Advice please JBOSS timings
rockshore Jun 9, 2014 9:10 AMHI all, first timer here so please be gentle!
We have two machines each running a JBoss EAP 5.1 application server. The servers are in a cluster.
Machine 1 is started with:
~/jboss-eap-5.1/jboss-as/bin/run.sh -c all -g CDMLive -b 0.0.0.0 -Djboss.messaging.ServerPeerID=1
Machine 2 is started with:
~/jboss-eap-5.1/jboss-as/bin/run.sh -c all -g CDMLive -b 0.0.0.0 -Djboss.messaging.ServerPeerID=2
We deploy a web application to the servers as an exploded WAR in the JBoss server/all/deploy directory on both machines. The web application jboss-web.xml specifies a HA Singleton deployment as such:
<depends>jboss.ha:service=HASingletonDeployer,type=Barrier</depends>
It is important that the web application only runs on one node at a time as running two instances of it at the same time causes issues.

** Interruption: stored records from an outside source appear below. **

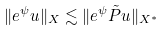Convert formula to latex. <formula><loc_0><loc_0><loc_500><loc_500>\| e ^ { \psi } u \| _ { X } \lesssim \| e ^ { \psi } \tilde { P } u \| _ { X ^ { * } }</formula> 
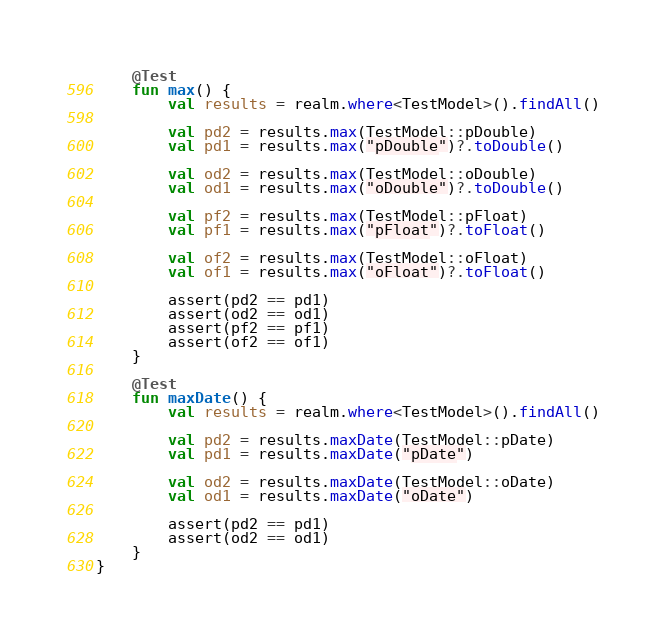<code> <loc_0><loc_0><loc_500><loc_500><_Kotlin_>
    @Test
    fun max() {
        val results = realm.where<TestModel>().findAll()

        val pd2 = results.max(TestModel::pDouble)
        val pd1 = results.max("pDouble")?.toDouble()

        val od2 = results.max(TestModel::oDouble)
        val od1 = results.max("oDouble")?.toDouble()

        val pf2 = results.max(TestModel::pFloat)
        val pf1 = results.max("pFloat")?.toFloat()

        val of2 = results.max(TestModel::oFloat)
        val of1 = results.max("oFloat")?.toFloat()

        assert(pd2 == pd1)
        assert(od2 == od1)
        assert(pf2 == pf1)
        assert(of2 == of1)
    }

    @Test
    fun maxDate() {
        val results = realm.where<TestModel>().findAll()

        val pd2 = results.maxDate(TestModel::pDate)
        val pd1 = results.maxDate("pDate")

        val od2 = results.maxDate(TestModel::oDate)
        val od1 = results.maxDate("oDate")

        assert(pd2 == pd1)
        assert(od2 == od1)
    }
}</code> 
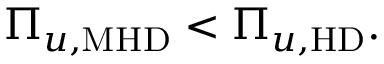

Our problem is that the machines are hosted as virtual machines and that a backup operation causes the virtual machines to become heavily loaded, lock up completely, or lose network connectivity for a period of time. We cannot avoid this at the moment. Typically, if the lockup occurs on the first JBoss which is running the web application, the second JBoss will notice and output a message to the log. For example:
2014-04-15 13:22:49,533 WARN [org.jboss.messaging.core.impl.clusterconnection.ClusterConnectionManager] (Thread-46) Connection failure detected. Clean up and retry connection. maxRetry: -1 retryInterval: 5000
2014-04-15 13:22:51,544 ERROR [org.jboss.messaging.core.impl.clusterconnection.ClusterConnectionManager] (Thread-46) Retrying ConnectionInfo org.jboss.messaging.core.impl.clusterconnection.ClusterConnectionManager$ConnectionInfo@481e2e4e failed after maxmum retry: 0
We would thus like to know the best settings to change to increase the time which the JBoss servers allow before they conclude that a node has fallen from the cluster and/or to be more lenient when failing to communicate with the other server. This should then allow the "lockup" to occur without accidentally starting up another instance of the web application. We accept that this will increase the time taken for the cluster to recognise a genuine fault - it is something we are willing to accept.
Many thanks in advance for any help.